LAND LAW: WAYS OF PROVING TITLE TO LAND
The action in this appeal is a declaration of title to land. There are five ways of proving title as given in IDUNDUN V. OKUMAGBA (1976) 9-10 SC 27; FASHARO V. BEYIOKU 1988 2 NWLR (PT.76) 263.
(a) by traditional evidence
(b) by production of documents of title duly authenticated and executed
(c) by acts of ownership extending over a sufficient length of time numerous and positive ENOUGH as to warrant the inference of true ownership
(d) by act of long possession and enjoyment and
(e) by proof of possession of connected adjacent land in circumstance rendering it probable that the owner of said connected or adjacent land would in addition be the owner of the land in dispute. PER. GEORGE OLADEINDE SHOREMI, J.C.A.
LAND LAW: THE POSITION OF THE LAW WHERE THERE ARE TWO CLAIMANTS TO A PARCEL OF LAND
In a claim for title to land the onus lies on the Plaintiff to satisfy the court that he is entitled on the evidence brought before the court. The Plaintiff must rely on the strength of his case and not on the weakness of the Defendant’s case. If the onus is not discharged the weakness of the Defendant will not help the Plaintiff and the proper judgment is for the Defendant. The learned counsel to the Appellant in this case erroneously put the proof of establishment of plot 281 on the (defendant) Respondent. This is misconceived see KODILINYE V. ODU VOL. Appeals Courts Land Mark Cases Page 192. On resolving competing claims to a parcel of land the Supreme Court in ADOLE v. GWAR (2008) 11 NWLR (PT.1099) 562 held as follows “where there are two claimants to a parcel of land, declaration of title is made in favour of the party that proves better title. In the instant case, from the evidence adduced and the circumstance of this case the Respondent proved better title to the land in issue. The Respondent pleaded and proved that he was not only a holder of statutory right of occupancy but also that by traditional history and having possession he had a better title to land.” PER. GEORGE OLADEINDE SHOREMI, J.C.A.
THE BURDEN OF PROOF IN A CIVIL PROCEEDINGS
The burden of proof in civil proceedings generally is on him who asserts or affirms and not on him who denies but where a party had adduced credible evidence in support of a particular fact, the burden then shift to the other party that the facts so produced could not on the preponderance of evidence result in judgment being given in favour of that party.

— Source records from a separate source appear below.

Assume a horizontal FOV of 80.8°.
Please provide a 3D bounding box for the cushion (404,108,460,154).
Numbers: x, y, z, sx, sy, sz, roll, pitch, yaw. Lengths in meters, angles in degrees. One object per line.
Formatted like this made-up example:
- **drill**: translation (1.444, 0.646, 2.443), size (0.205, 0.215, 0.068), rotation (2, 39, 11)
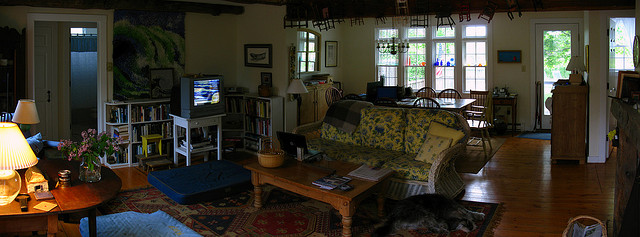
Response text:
- **cushion**: translation (3.416, 0.320, 11.220), size (1.399, 1.248, 1.324), rotation (1, 2, 25)

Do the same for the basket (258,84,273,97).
- **basket**: translation (-1.842, -0.935, 12.736), size (0.458, 0.403, 0.340), rotation (-1, 10, -3)

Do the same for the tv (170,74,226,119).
- **tv**: translation (-3.801, -0.674, 11.615), size (1.578, 1.303, 0.689), rotation (-3, 11, -17)

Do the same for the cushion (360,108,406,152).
- **cushion**: translation (1.926, 0.378, 11.101), size (1.912, 1.108, 0.571), rotation (1, 0, 21)

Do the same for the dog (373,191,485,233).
- **dog**: translation (2.882, 2.453, 9.726), size (2.976, 0.823, 1.124), rotation (-4, 1, -19)
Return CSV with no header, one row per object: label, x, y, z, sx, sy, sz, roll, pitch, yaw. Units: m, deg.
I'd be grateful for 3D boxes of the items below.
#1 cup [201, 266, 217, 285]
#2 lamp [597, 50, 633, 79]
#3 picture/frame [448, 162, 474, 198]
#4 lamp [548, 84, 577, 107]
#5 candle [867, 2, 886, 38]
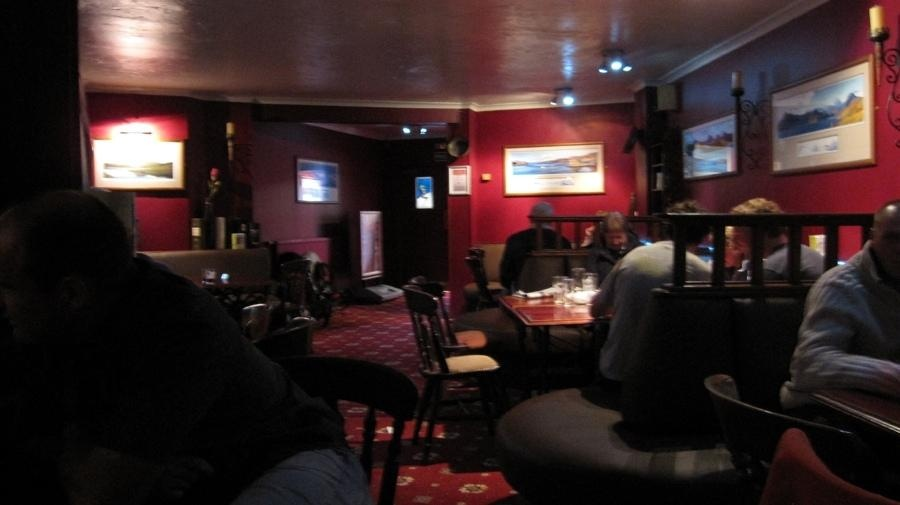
cup,-2.520,0.246,6.818,0.192,0.170,0.170,0,-3,1
lamp,1.734,-1.986,6.835,0.368,0.196,0.171,-1,-12,4
picture/frame,0.150,-0.993,8.983,0.334,0.415,0.171,-2,6,-2
lamp,1.443,-1.992,8.320,0.266,0.181,0.374,4,5,7
candle,3.028,-1.631,4.617,0.118,0.225,0.079,0,6,19
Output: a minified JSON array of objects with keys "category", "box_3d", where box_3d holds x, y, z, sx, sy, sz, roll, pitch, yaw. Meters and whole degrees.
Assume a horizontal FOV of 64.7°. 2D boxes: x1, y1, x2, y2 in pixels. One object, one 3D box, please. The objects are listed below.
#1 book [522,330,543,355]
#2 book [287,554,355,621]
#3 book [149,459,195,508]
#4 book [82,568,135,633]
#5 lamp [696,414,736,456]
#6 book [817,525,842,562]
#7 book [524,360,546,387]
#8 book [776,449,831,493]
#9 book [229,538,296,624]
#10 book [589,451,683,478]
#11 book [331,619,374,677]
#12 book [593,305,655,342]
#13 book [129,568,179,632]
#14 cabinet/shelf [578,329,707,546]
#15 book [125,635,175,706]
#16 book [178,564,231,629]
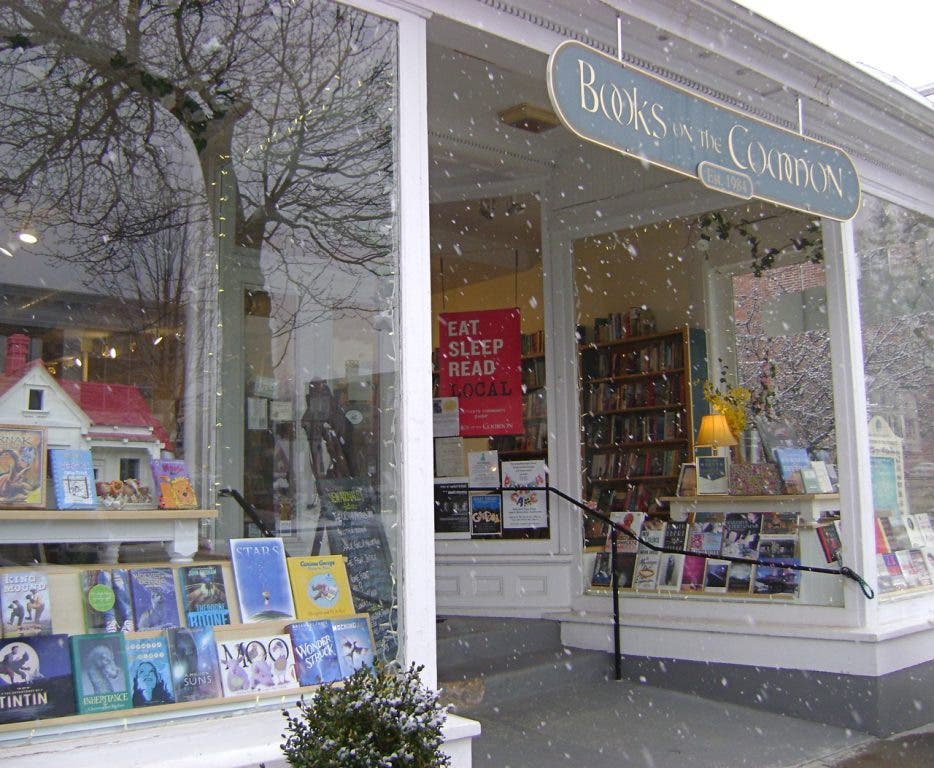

See IMIAWA V. AKPABIO (2003) 17 NWLR pt.1116 226. PER. GEORGE OLADEINDE SHOREMI, J.C.A.
THE TEST TO BE APPLIED WHERE THE FINDINGS OF TRIAL COURT ARE SUPPORTED BY EVIDENCE ON RECORD
The test to be applied where the findings of trial court are supported by evidence on Record was stated by the Supreme Court in the case of ODOFIN V. AYOOLA (1984) 11 SC 72 at 113 as follows: “The question at this stage will then be, was there any evidence no matter how slight to support the findings? If the answer is YES (as in this case, that concludes the findings and put on them a stop of finality. See LIONS BUILDING LTD V SHODIPE (1976) 12 SC 135 was applied”. PER. GEORGE OLADEINDE SHOREMI, J.C.A.
Before Their Lordships
AMIRU SANUSIJustice of The Court of Appeal of Nigeria
GEORGE OLADEINDE SHOREMIJustice of The Court of Appeal of Nigeria
CHIOMA EGONDU NWOSU-IHEMEJustice of The Court of Appeal of Nigeria
Between
PETER EDAH DIKEAppellant(s)
AND
OSAYANDE UHUNMWANGHORespondent(s)
GEORGE OLADEINDE SHOREMI, J.C.A. (Delivering the Leading Judgment): This is an appeal against the judgment of a Benin High Court delivered on 25/7/03 in favour of the Defendant now Respondent. The case of the Plaintiff now Appellant was dismissed.
The Plaintiff’s claim in the lower court is as shown in his amended statement of claim at pages 116 – 120. The relevant part shows thus:
a) a declaration that plaintiff is the owner and in lawful physical possession of that parcel of land lying and situate at the junction of Maria Goretti Road/Ugomoson Street, Idumwun-Ivbiotor Quarters, Benin City and more particularly delineated in Survey Plan No. JAA/ED/D10/97 of 1/12/97 filed along with this further amended statement of claim. Therefore, he is the only one entitled to apply for and be granted a certificate of occupancy in respect of the said parcel of land which now forms part of No. 7, Ugomoson Street, Benin City, undisputed property of the plaintiff.
b) a declaration that the invasion of the land and the destruction of part of his wall fence and some economic trees by the defendant is without lawful authority and therefore illegal.
c) The sum of N50,000 being damages for the trespass committed by the defendant.
d) An order of perpetual injunction restraining the defendant by himself, his servants and/or agents from committing further acts of trespass on the land.
The facts of the case are that the Appellant claimed that he bought the land in dispute from one Albert Aigbiremwen, who acquired it in the name of his daughter Eunice Osemwegie through the ward 18H Plot Allotment Committee, Benin city under an application approved by the Oba of Benin in favour of Eunice Osemwegie. The approved application is Exhibit “P4” given to the Appellant.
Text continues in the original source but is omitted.